Skip to main content
6 of 7
replaced http://stats.stackexchange.com/ with https://stats.stackexchange.com/

Siamese neural network

I have been studying the architecture of the Siamese neural network introduced by Yann LeCun and his colleagues in 1994 for the recognition of signatures ("Signature verification using a Siamese time delay neural network".pdf, NIPS 1994).

Image from  “Probabilistic Siamese Network for Learning Representations” by Chen Liu (University of Toronto 2013).

I had some problems in understanding the general architecture of this Siamese neural network model, and discussed with a friend on Cross Validated about it. I think I finally understood it, so now I have move to the next step: to implement it.

We ended up stating that the global algorithm should be something like:

  • Create the convolutional neural network convNetA, for the 1st signature.
  • Create the convolutional neural network convNetB, for the 2nd signature.
  • Tying the convNetA weights to the the convNetB weights.
  • Setting the cosine similarity function to compute the loss .
  • Run the training (forwards and backwards).

I'm new to Torch so I do not really know how to implement this algorithm. Here's my first version:

-- training
function gradientUpdate(perceptron, dataset, target, learningRate, max_iterations)

for i = 1, max_iterations do

      predictionValue = perceptron:forward(dataset)
       -- is this the cosine similarity?
  -- [output] forward(input): 
  -- Takes an input object, and computes the corresponding output of the module. In general input and output are Tensors. 

      
      io.write(" pre-predictionValue= "..predictionValue .."\n");

      -- the minus is because we're goin' backwards
      gradientWrtOutput = torch.Tensor({-target})

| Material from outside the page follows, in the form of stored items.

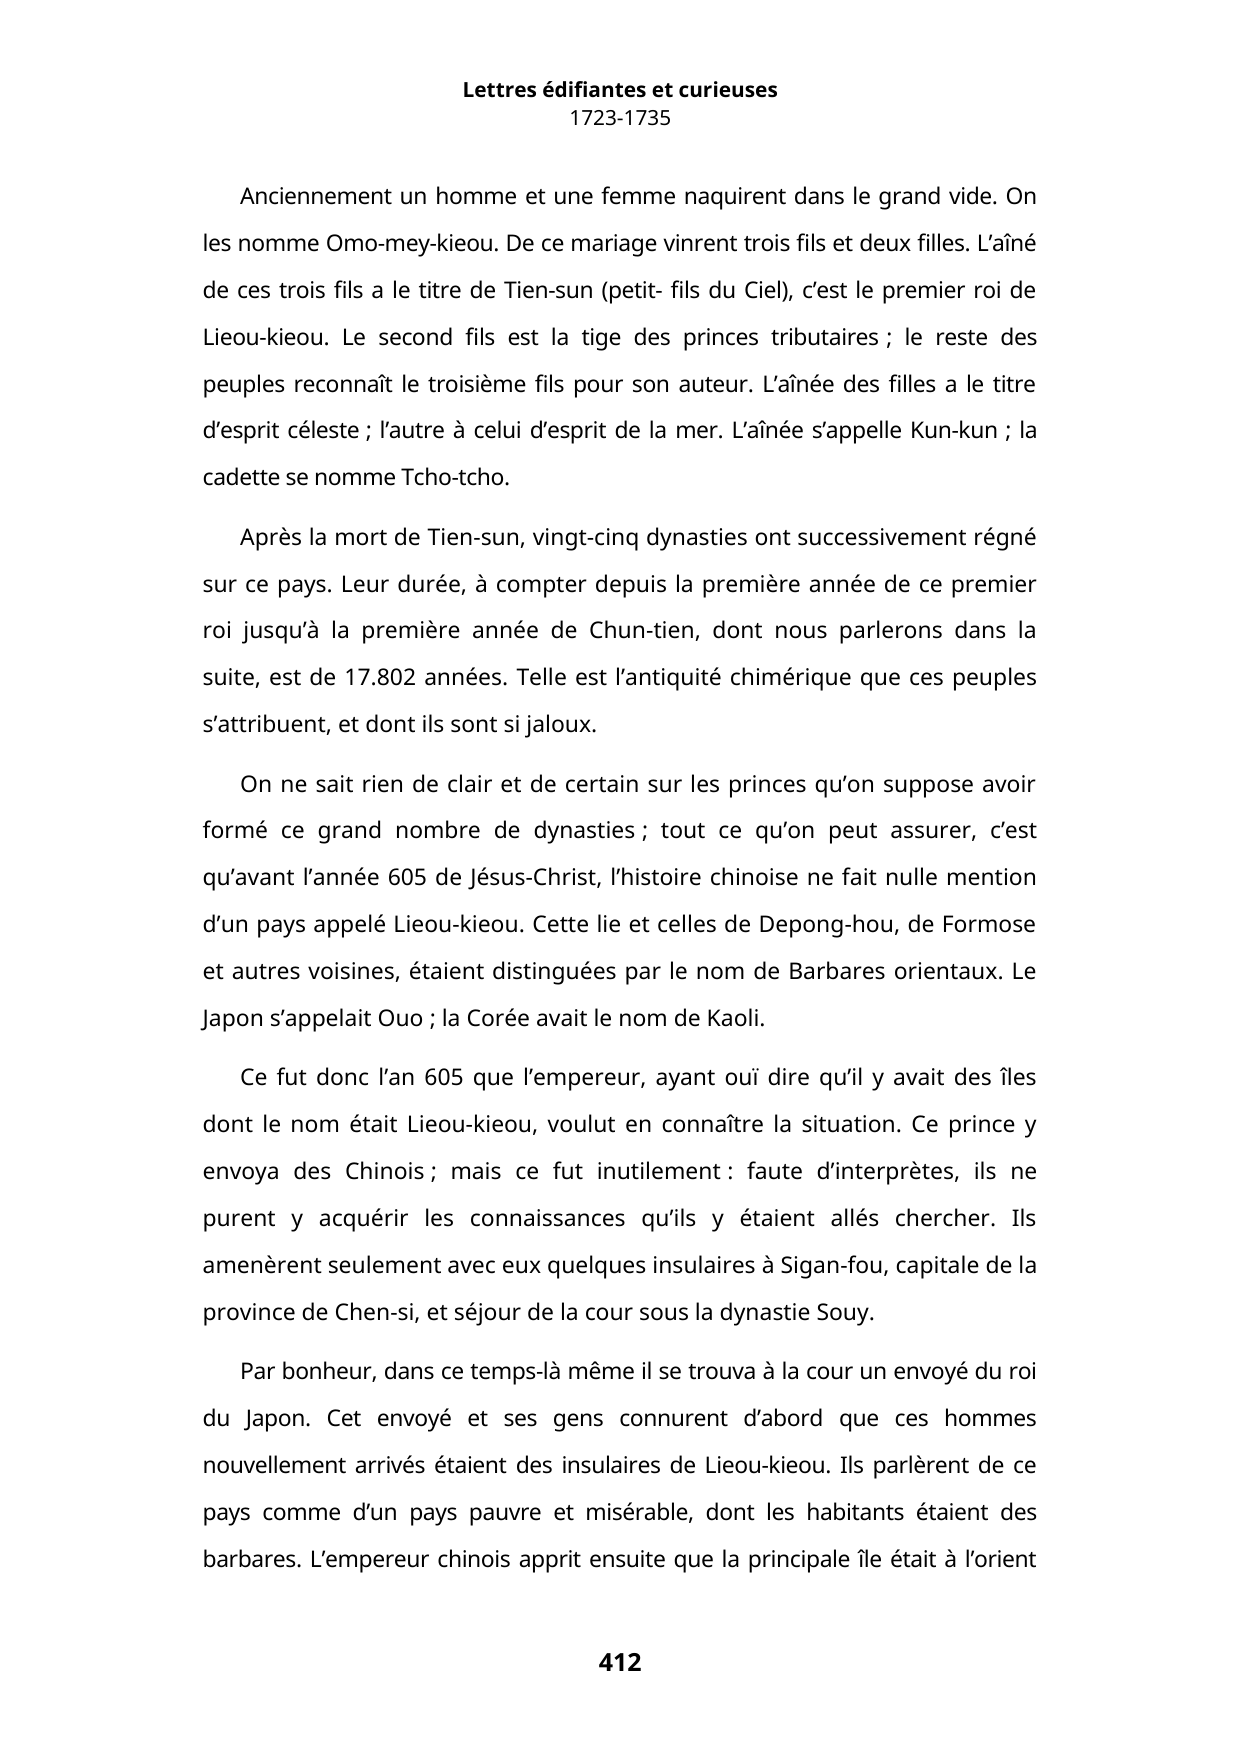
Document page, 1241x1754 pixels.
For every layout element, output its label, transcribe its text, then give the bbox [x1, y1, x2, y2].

text Après la mort de Tien-sun, vingt-cinq dynasties ont successivement régné sur ce pays. Leur durée, à compter depuis la première année de ce premier roi jusqu’à la première année de Chun-tien, dont nous parlerons dans la suite, est de 17.802 années. Telle est l’antiquité chimérique que ces peuples s’attribuent, et dont ils sont si jaloux. [202, 521, 1038, 739]
text On ne sait rien de clair et de certain sur les princes qu’on suppose avoir formé ce grand nombre de dynasties ; tout ce qu’on peut assurer, c’est qu’avant l’année 605 de Jésus-Christ, l’histoire chinoise ne fait nulle mention d’un pays appelé Lieou-kieou. Cette lie et celles de Depong-hou, de Formose et autres voisines, étaient distinguées par le nom de Barbares orientaux. Le Japon s’appelait Ouo ; la Corée avait le nom de Kaoli. [202, 767, 1038, 1033]
text Ce fut donc l’an 605 que l’empereur, ayant ouï dire qu’il y avait des îles dont le nom était Lieou-kieou, voulut en connaître la situation. Ce prince y envoya des Chinois ; mais ce fut inutilement : faute d’interprètes, ils ne purent y acquérir les connaissances qu’ils y étaient allés chercher. Ils amenèrent seulement avec eux quelques insulaires à Sigan-fou, capitale de la province de Chen-si, et séjour de la cour sous la dynastie Souy. [202, 1061, 1038, 1327]
text Anciennement un homme et une femme naquirent dans le grand vide. On les nomme Omo-mey-kieou. De ce mariage vinrent trois fils et deux filles. L’aîné de ces trois fils a le titre de Tien-sun (petit- fils du Ciel), c’est le premier roi de Lieou-kieou. Le second fils est la tige des princes tributaires ; le reste des peuples reconnaît le troisième fils pour son auteur. L’aînée des filles a le titre d’esprit céleste ; l’autre à celui d’esprit de la mer. L’aînée s’appelle Kun-kun ; la cadette se nomme Tcho-tcho. [202, 180, 1038, 492]
text Par bonheur, dans ce temps-là même il se trouva à la cour un envoyé du roi du Japon. Cet envoyé et ses gens connurent d’abord que ces hommes nouvellement arrivés étaient des insulaires de Lieou-kieou. Ils parlèrent de ce pays comme d’un pays pauvre et misérable, dont les habitants étaient des barbares. L’empereur chinois apprit ensuite que la principale île était à l’orient [202, 1355, 1038, 1574]

      perceptron:zeroGradParameters() -- zeroGradParameters(): If the module has parameters, this will zero the accumulation of the gradients with respect to these parameters, accumulated through accGradParameters(input, gradOutput,scale) calls. Otherwise, it does nothing.
      -- initialization

      perceptron:backward(dataset, gradientWrtOutput) -- Performs a backpropagation step through the module, with respect to the given input. 

      perceptron:updateParameters(learningRate)
  end

end

require "os"
require "nn"

input_number=5
output_number=2

-- imagine we have one network we are interested in, it is called "perceptronAAA"
perceptronAAA= nn.Sequential(); 
perceptronAAA:add(nn.Linear(input_number, output_number))

-- But we want to push examples towards or away from each other
-- so we make another copy of it called perceptronBBB
-- this *shares* the same weights via the set command, but has its own set of temporary gradient storage
-- that's why we create it again (so that the gradients of the pair don't wipe each other)
perceptronBBB= perceptronAAA:clone('weight', 'bias')

-- we make a parallel table that takes a pair of examples as input. they both go through the same (cloned) perceptron
-- ParallelTable is a container module that, in its forward() method, applies the i-th member module to the i-th input, and outputs a table of the set of outputs.
parallel_table = nn.ParallelTable()
parallel_table:add(perceptronAAA)
parallel_table:add(perceptronBBB)

-- now we define our top level network that takes this parallel table and computes the cosine distance betweem
-- the pair of outputs
perceptron= nn.Sequential()
perceptron:add(parallel_table)
perceptron:add(nn.CosineDistance())


-- lets make two example vectors
x_vector = torch.rand(input_number)
y_vector = torch.rand(input_number)
dataset = {x_vector, y_vector}

function dataset:size() return #dataset end


-- matrix having 5 rows * 2 columns
max_iterations = 100
learnRate = 0.1
target = 1 -- the target for cosine similarity is +1 on forwards, that becomes -1 on backwards

-- TRAINING:

-- push the pair x_vector and y_vector together, the distance should get larger..


 gradientUpdate(perceptron, dataset, target, learnRate, max_iterations)

Do you think this is a correct implementation of a Siamese neural network with cosine similarity function to minimize? Or can you see any errors/wrong stuff in it?